他愛ないときめき・ネアンデルタール人論106

原節子のことを書いている途中で「憧れ」という言葉と出会い、これは人類史の「起源論」の大きな問題かもしれない、と思った。
何はともあれこのことは、直立二足歩行の起源ともかかわっている問題なのだ。
原初の森の中で暮らしていた人類は二本の足で立ち上がることによって、頭上の遠い空を仰いだ。それによって人類は、はじめて「森の外の世界」があることに気づいた。何もない遠く青い空、原初の人類は、それを仰ぐことによってひとつの「解放感」を体験した。つまり、それによって遠く青い空に対する「憧れ」が芽生えたわけだが、それは「今ここ」の「非日常」の世界に対する「遠い憧れ」であって、今どきの人類学者たちが合唱しているような「未来に対する計画性」などという現実的日常的なあさましくも俗っぽい欲望のことではない。
「未来に対する計画性」などという問題設定で人類の文化の起源や知能の進化発展の契機を語っても何もわかるはずがないのだ。
なぜ二本の足で立ち上がったかといえば、四本足でいることが苦痛だったからに決まっている。そしてその苦痛は、群れが密集しすぎて、群れで行動するときは必ず体をぶつけ合っていないといけないとかの「閉塞感」にあった。その体をぶつけ合っている状態から押し出されるように二本の足で立ち上がっていったのであり、その「閉塞感」からの解放として「憧れ」という心模様が芽生えていった。
体をぶつけ合っていたら、体を自由に動かすことができない。それはもう、「体を動かす」という生きものとしての本能が脅かされる危機的な事態であり、その苦痛は根源的だった。そうしてそのとき誰もが被害者であると同時に加害者でもあったわけで、誰も恨むことはできないし、誰もがその状態から逃れようとして、誰もがいっせいに立ち上がっていった。
四本足の猿が二本の足で立つことを常態にするという事態は、みんながいっせいにそうしたということでなければ論理的に成り立たたない。それは、きわめて不安定な姿勢である上に胸・腹・性器等の急所を外にさらしてしまっているのだから、攻撃されたらひとたまりもない。たとえリーダーのボスであっても、密集状態で自分だけそんなことをしたら、たちまち攻撃されて追い出されてしまう。追い出すことは、群れの個体数を減らすためのもっとも手っ取り早い解決方法であり、猿はみんなそうしている。そのとき原初の人類がそうしなかったのは、そうすることができない状況があったわけで、そこはサバンナの中の小さな森だったから、追い出しようがなかった。追い出されたら、たちまち肉食獣の餌食になってしまう。群れからはぐれてさすらうようなスペースはなかった。そのようにして「追い出す」という生態を失っていった結果として群れが密集状態になったのだ。そうしてそれにともなって、「閉塞感」を抱えながら生きることを余儀なくされていた。
チンパンジーの場合は、「順位」が第二位になった個体を第一位のボスが次々に追い出してゆく。弱いものが追い出されるのではない。ボスの座を脅かしそうな勢いで強くなるから追い出されるのだ。とすればそのとき人類は、誰もが強くなるまいとするようになっていた。そうなれば、誰も追い出されない。みんなが弱い猿なのだから、ボス以下の順位などないようなものだった。ボスはもう神のような絶対的な存在だったが、しかしそんな状況でボスが死ねば、もうボスの座を継ぐものはいない。弱いものばかりが残った。そのとき人類は、誰もが弱いものであろうとする心模様を持つ存在になっていた。だから、さらに弱い猿になってしまう「二本の足で立ち上がる」という選択をすることができた。もう、みんなが弱い猿になろうとしていたのだ。そうしていっせいに二本の足で立ち上がっていった。

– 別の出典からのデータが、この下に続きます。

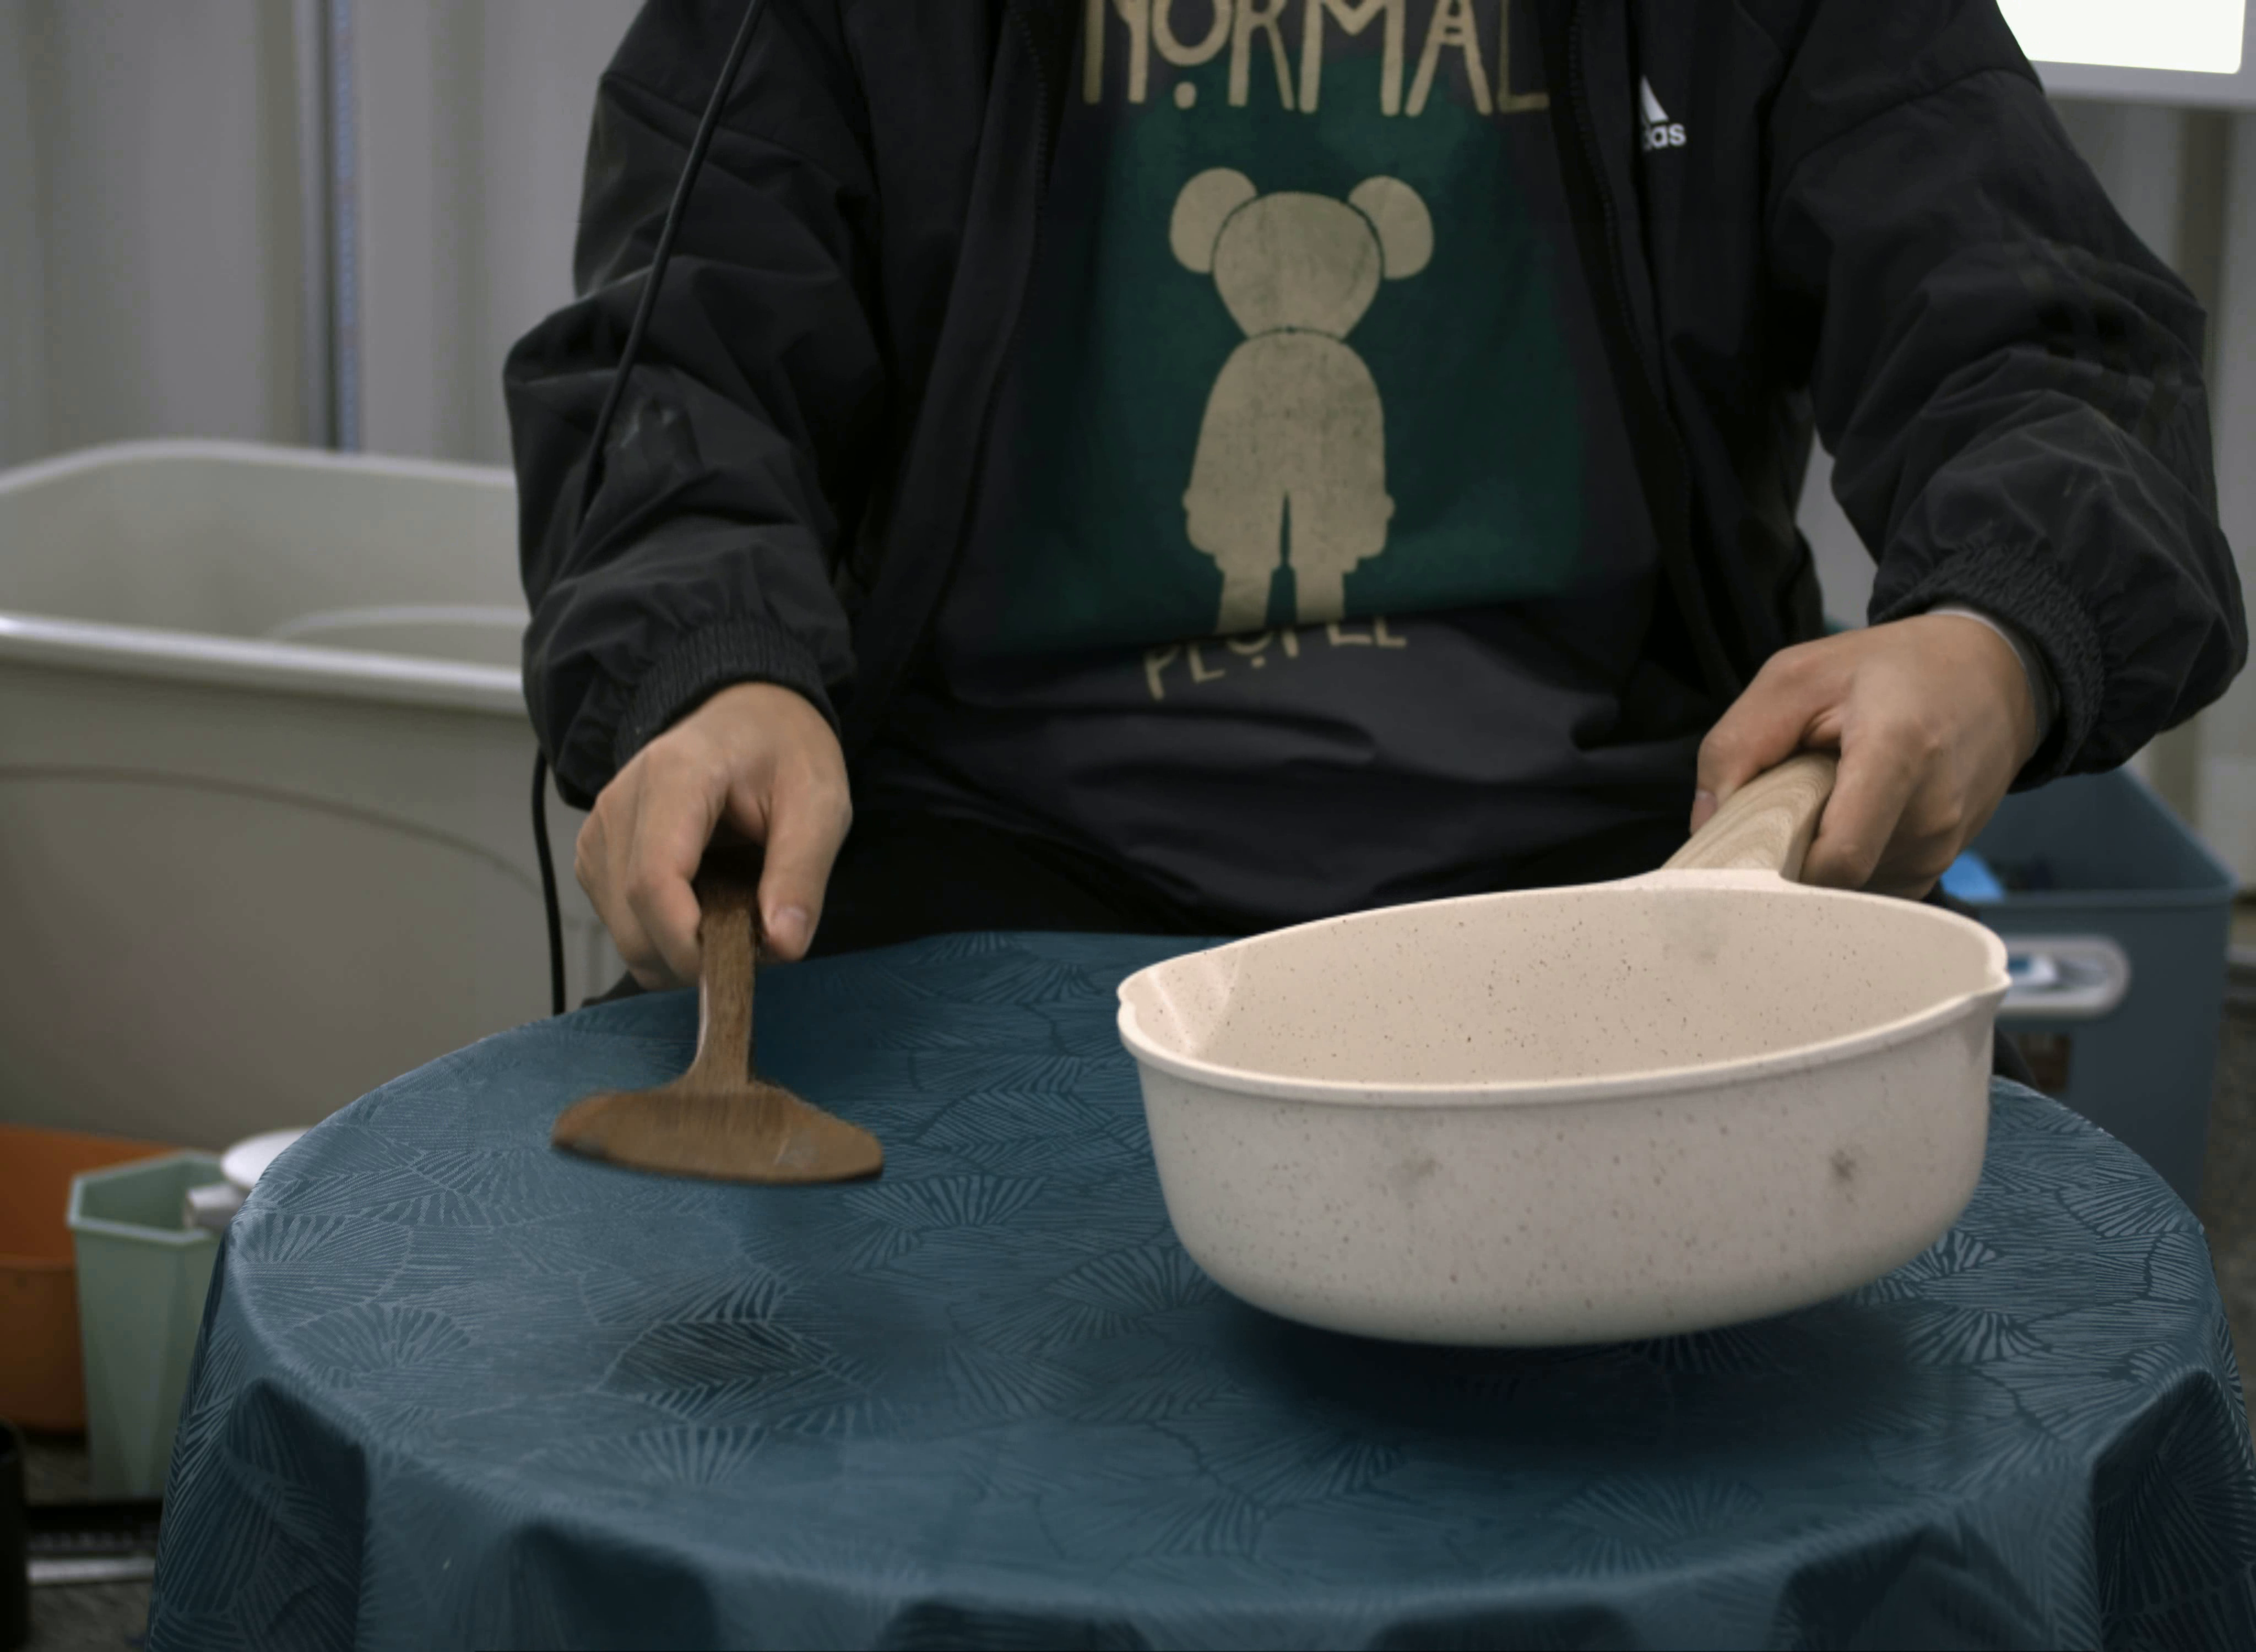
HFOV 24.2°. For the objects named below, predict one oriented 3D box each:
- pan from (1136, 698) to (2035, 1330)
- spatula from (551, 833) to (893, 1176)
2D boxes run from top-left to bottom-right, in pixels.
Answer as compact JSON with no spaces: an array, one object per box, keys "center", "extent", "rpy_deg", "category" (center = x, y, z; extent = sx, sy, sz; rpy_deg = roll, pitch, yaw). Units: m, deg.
[{"center":[0.167,0.051,1.570],"extent":[0.261,0.102,0.436],"rpy_deg":[-2,11,24],"category":"pan"},{"center":[-0.123,0.049,1.620],"extent":[0.096,0.016,0.383],"rpy_deg":[7,13,-5],"category":"spatula"}]
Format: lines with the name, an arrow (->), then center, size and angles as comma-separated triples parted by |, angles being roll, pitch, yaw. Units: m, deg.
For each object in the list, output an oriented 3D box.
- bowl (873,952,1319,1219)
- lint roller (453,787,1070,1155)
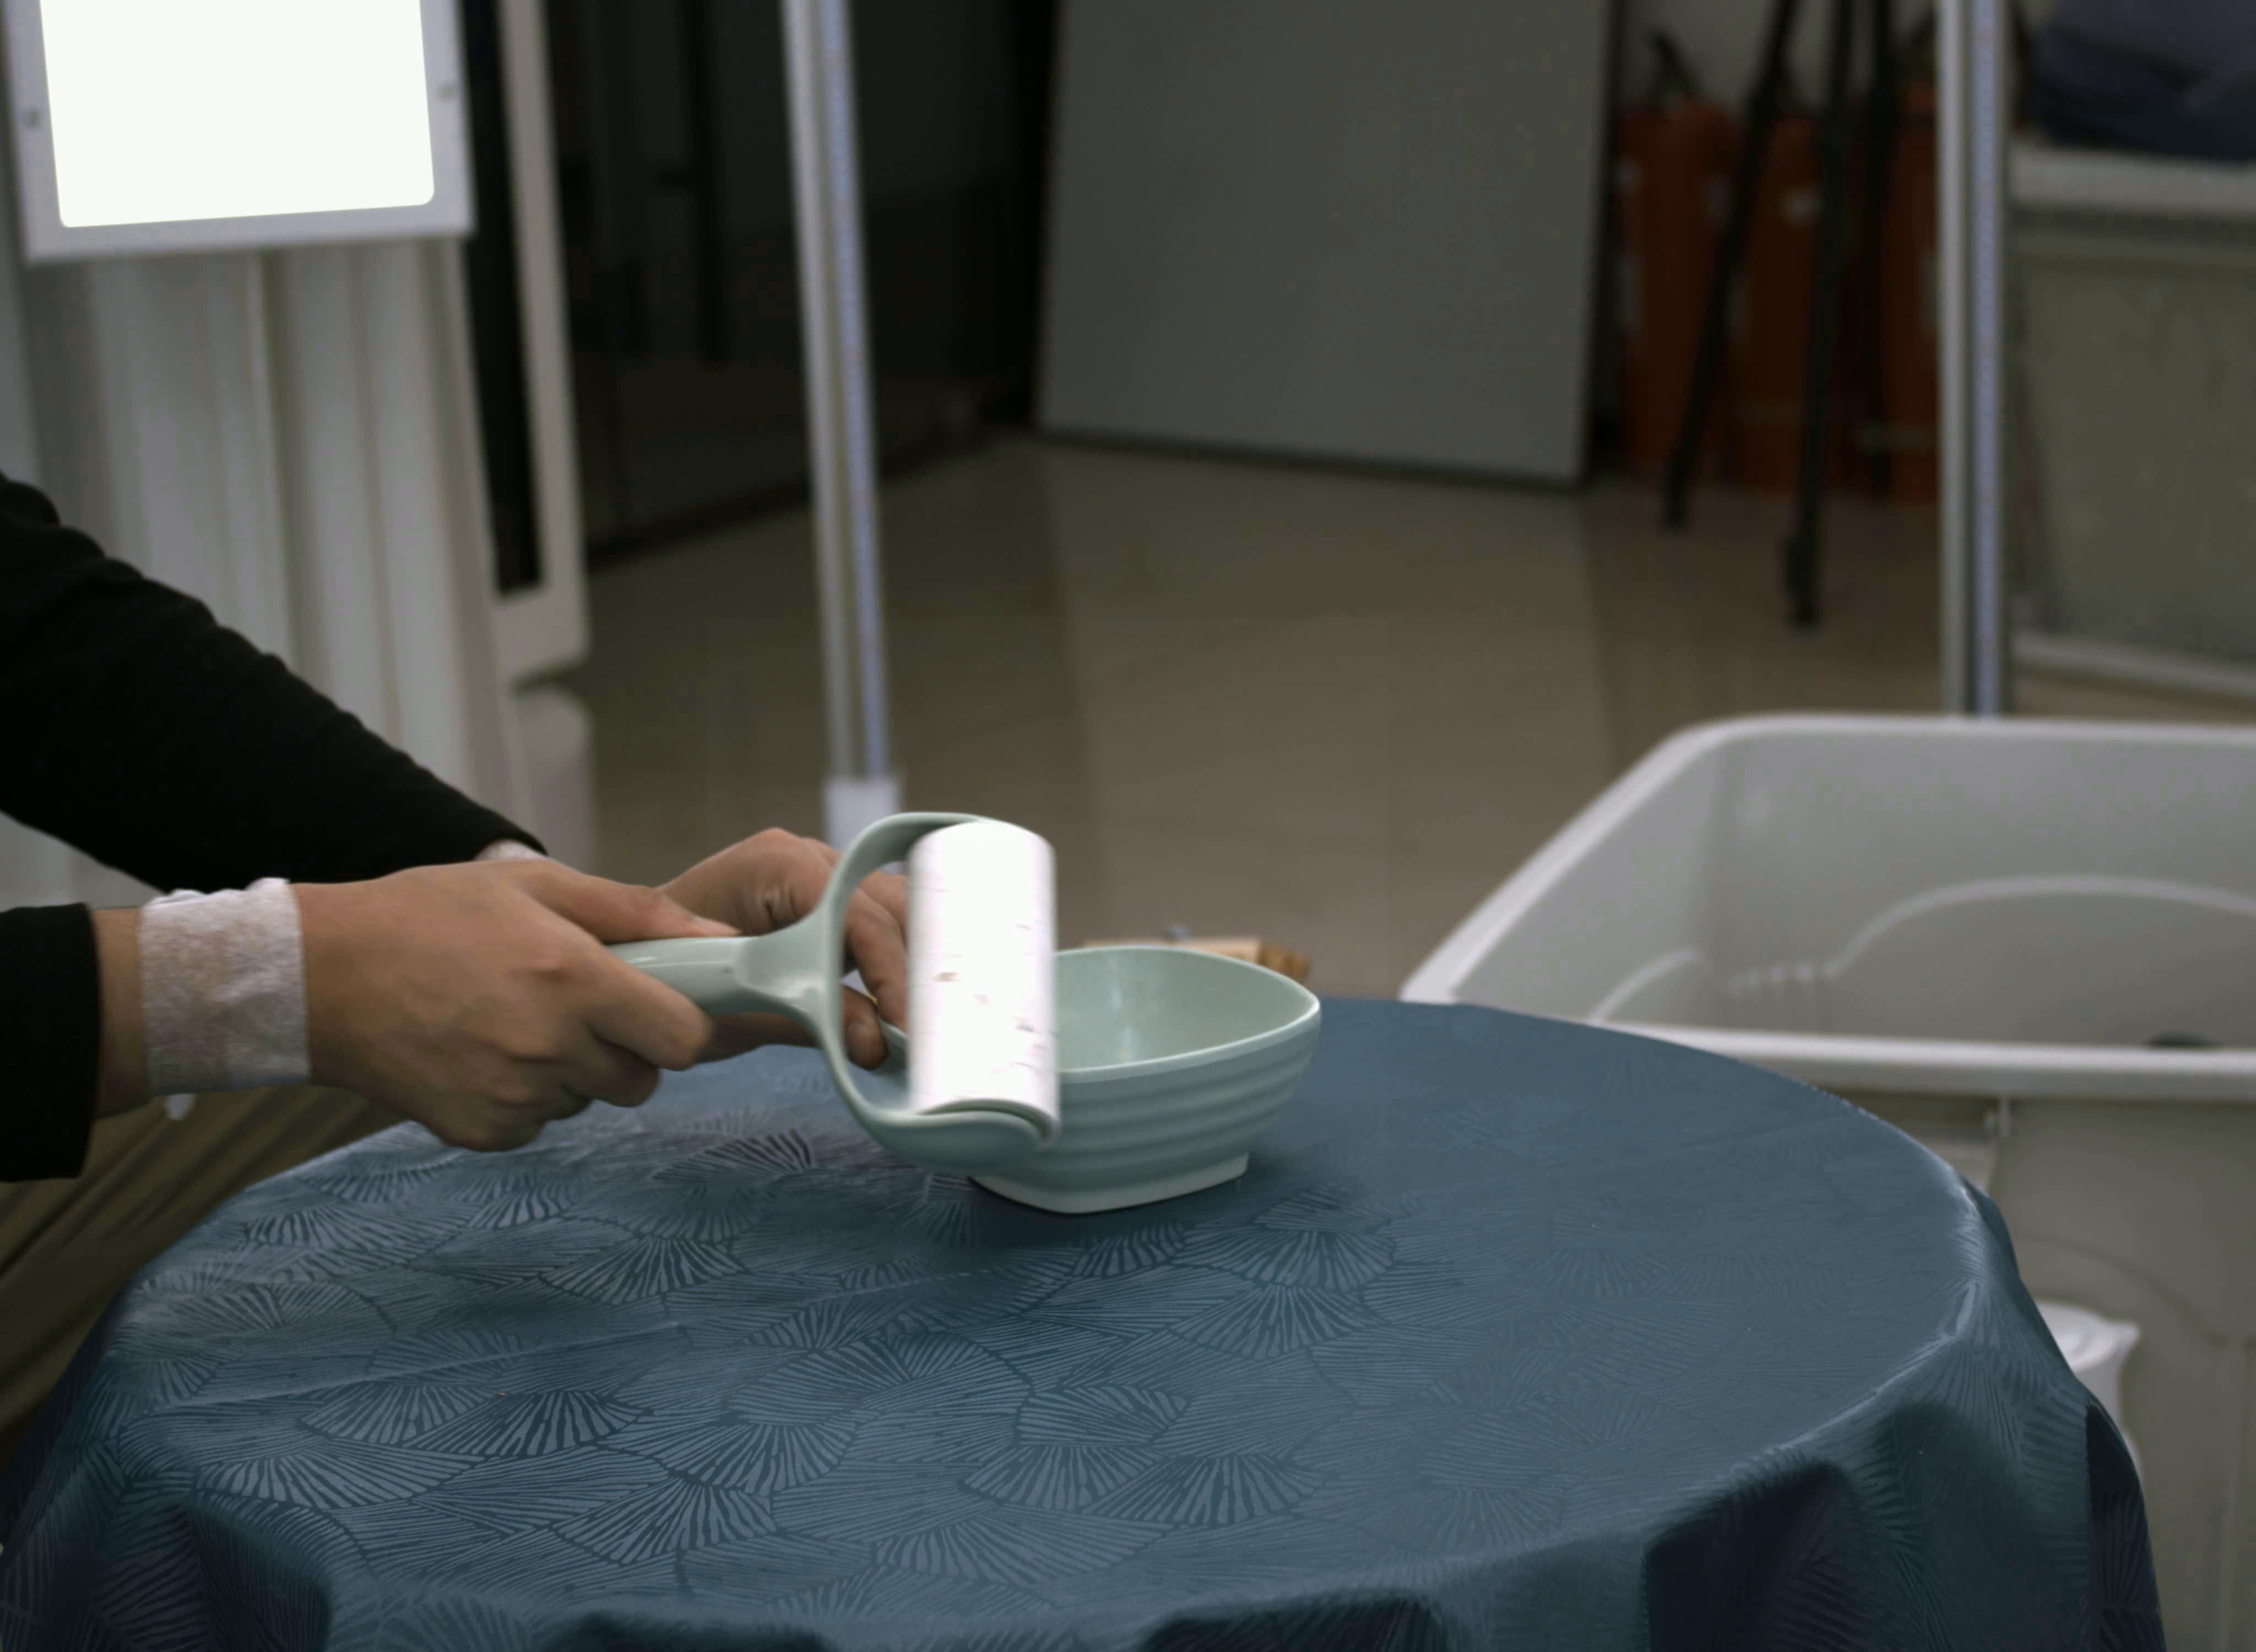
bowl -> -0.010, 0.088, 1.786 | 0.149, 0.059, 0.151 | -2, 13, 0
lint roller -> -0.117, 0.048, 1.707 | 0.195, 0.118, 0.048 | -2, -29, 1

弱いものが「憧れ」を抱く。そのとき原初の人類は強いものであろうとする望みを捨てていたのだから、強いものに憧れる、というのではない。無力であることの「嘆き」からの解放は、「嘆き」それ自体を忘れてしまうことにある、強いものに憧れたって、自分が無力であることの「嘆き」が消えるわけではない。ますます自分の無力を思い知らされてしまう。無力である自分を忘れてしまわないことには解放はない。
「憧れ」とは、「自分」を忘れてしまう心模様のこと。自分に向いている意識が引きはがされて、自分の外に向かってゆくこと。青い空は、どこまでも遠い。そこに向けば、心は、どこまでも遠く自分から離れてゆく。それを「憧れ」という。心が「自分」から離れてゆくことのカタルシス(浄化作用)がある。それは、「弱いもの」しか体験できない。みずからの生き延びる能力に満足していたり、生き延びる能力を持とうとしていたら、意識が自分から離れてゆくということは起きない。他者や世の中を憎んでいたら、意識はますます自分に向いて離れない。生き延びる能力持っている自分をまさぐり充足してゆくということもあろうが、そこには意識が自分の外に向かう「憧れ=ときめき」はない。自分が消えてゆくカタルシス(浄化作用)はない。
強いものに「憧れ」を抱くのではない。その意識は、「憎しみ」と同様、必ず「自分」に跳ね返ってくる。
「憧れ」は「何もない」ことに向かう。「何もない」からこそ、そのとき意識は、限りなく自分から離れてゆく。人が遠く青い空を「憧れ」とともに仰いでいるとき、意識が限りなく自分から離れて自分が消えてゆくような心地に浸されている。
大衆は、スターに憧れる。それは、自分がどんなに願ってもかなうことのない存在だからだ。その「不可能性」に憑依してゆくことを「憧れ」という。自分もスターになりたいと憧れるのではない。自分を忘れて憧れているのだ。
「憧れ」は「生きられない弱いもの」のもとに宿っている。原初の人類は、二本の足で立ち上がることによって「生きられない弱いもの」になった。そこで「遠い憧れ」を抱きすくめていった。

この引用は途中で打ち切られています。